▶ _What is expected_:
Produce exactly the lines from the one holding "Image resolution: width=953" through the last line of the data below, with every picture left out.

BEGIN The records

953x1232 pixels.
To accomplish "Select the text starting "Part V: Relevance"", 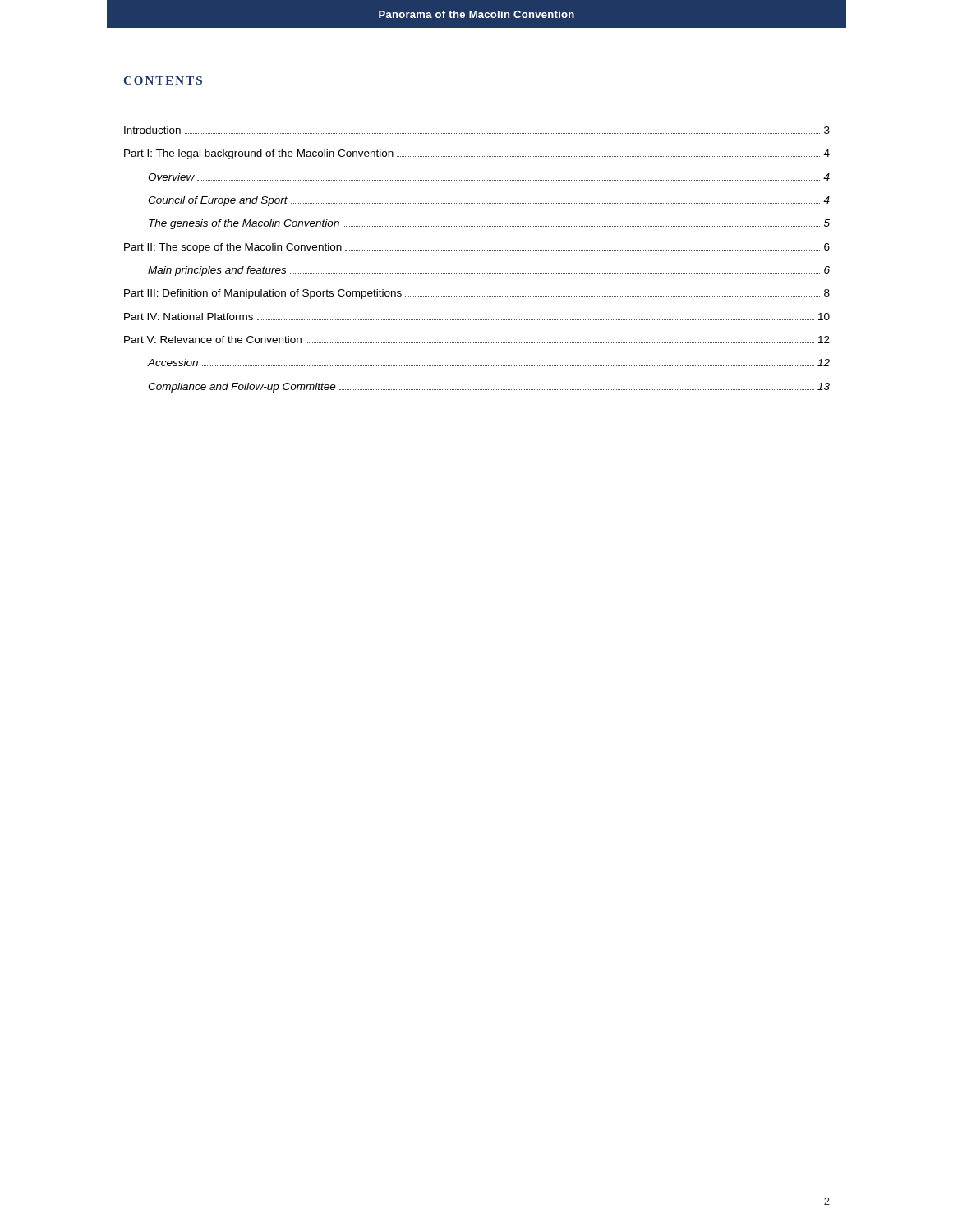I will [x=476, y=340].
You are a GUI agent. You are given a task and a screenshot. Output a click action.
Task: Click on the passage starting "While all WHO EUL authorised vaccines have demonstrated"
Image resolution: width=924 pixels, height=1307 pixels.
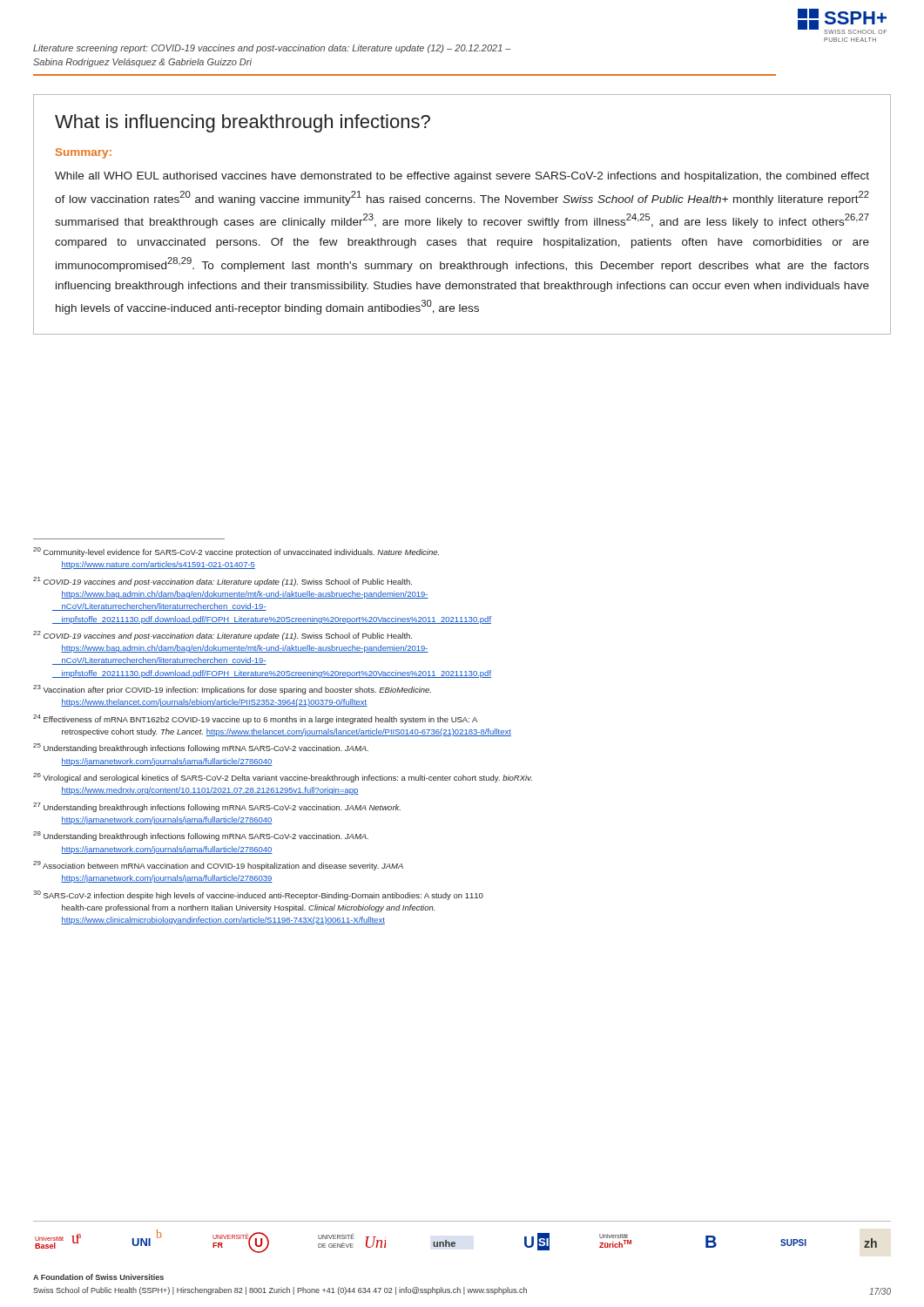tap(462, 242)
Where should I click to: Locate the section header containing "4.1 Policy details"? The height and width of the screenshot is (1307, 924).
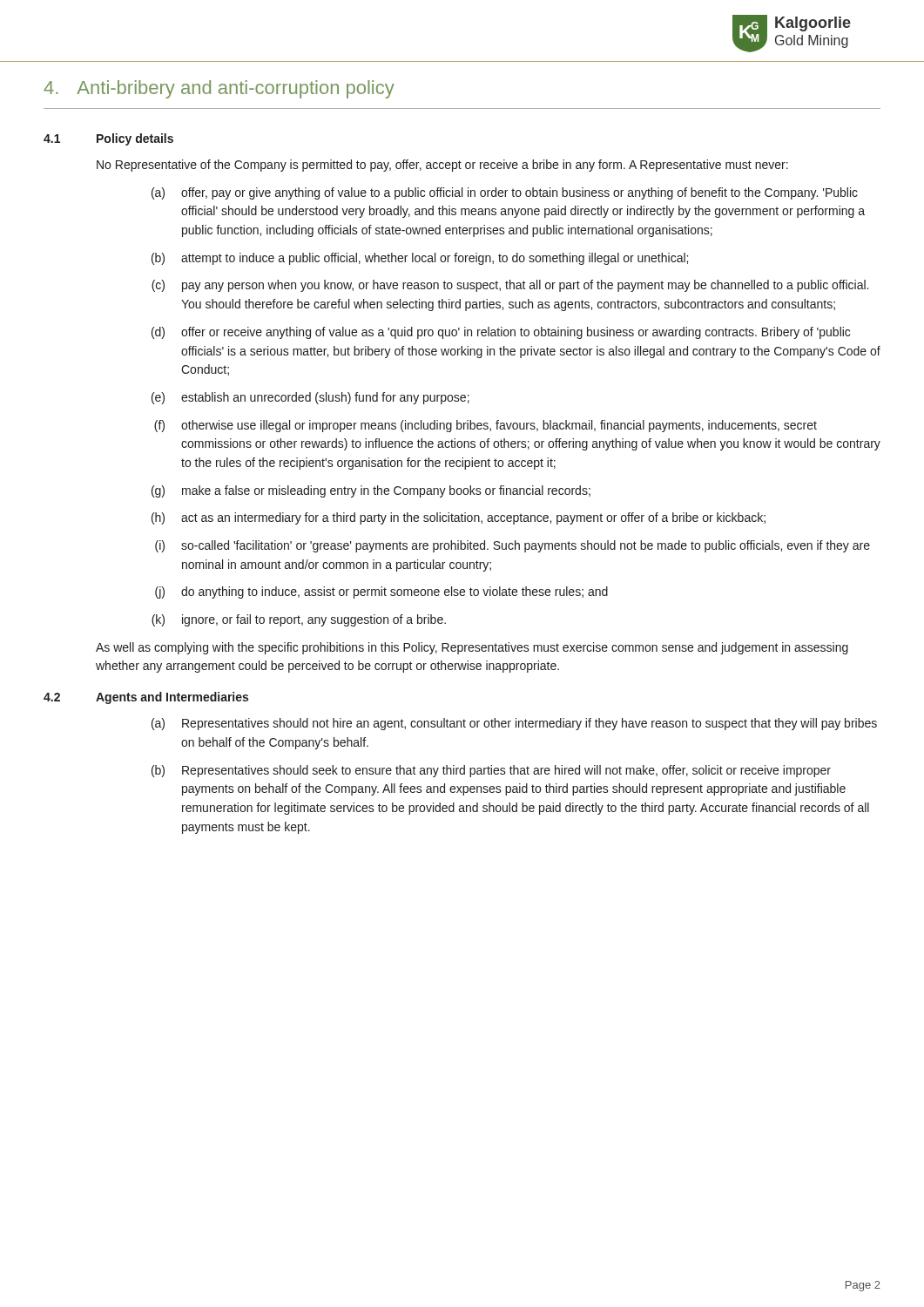(x=109, y=139)
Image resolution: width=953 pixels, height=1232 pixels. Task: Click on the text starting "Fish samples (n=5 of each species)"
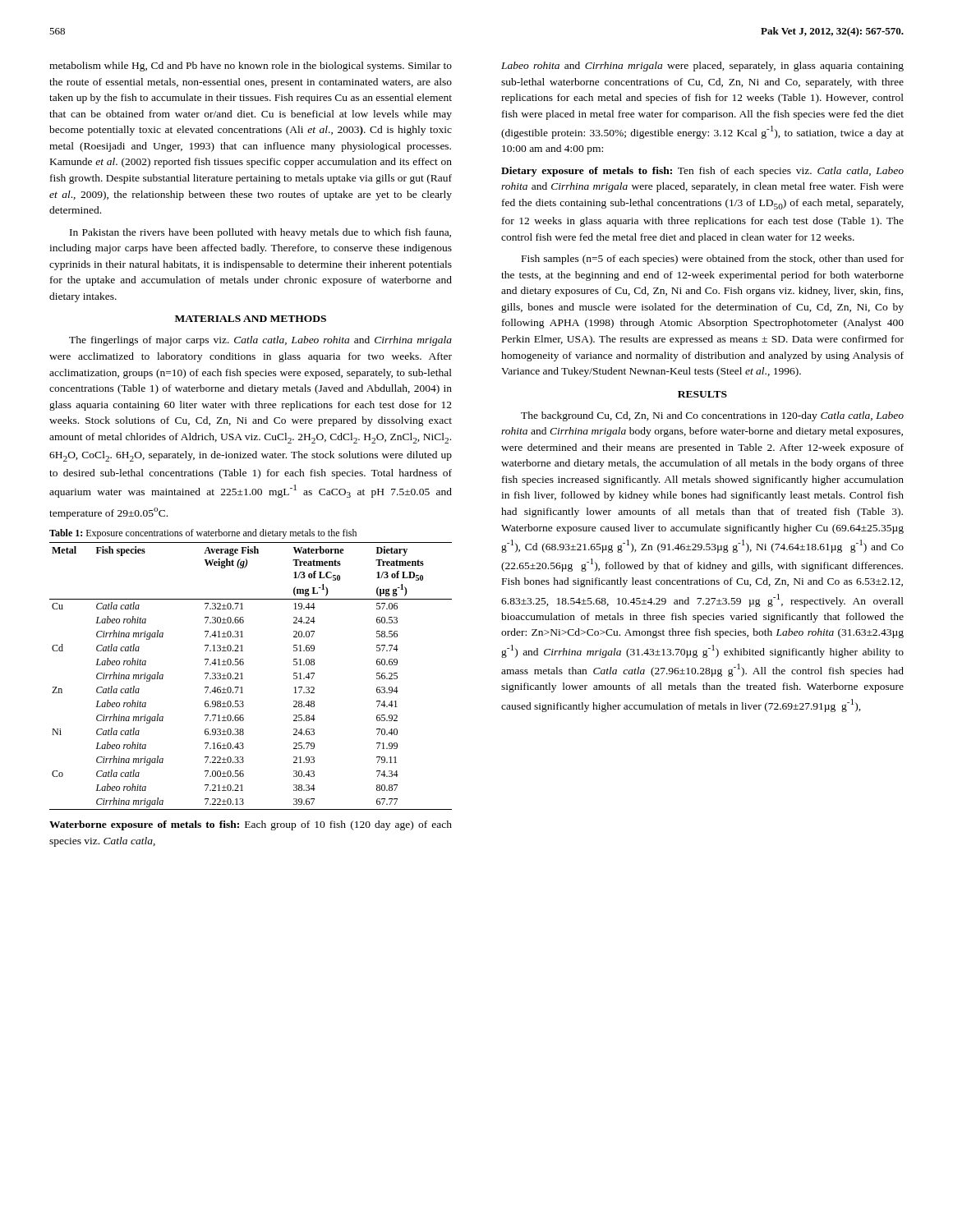click(702, 315)

END The records

▶ _Task answer_:
Image resolution: width=953 pixels, height=1232 pixels. Task: Click on the text starting "Fish samples (n=5 of each species)"
click(702, 315)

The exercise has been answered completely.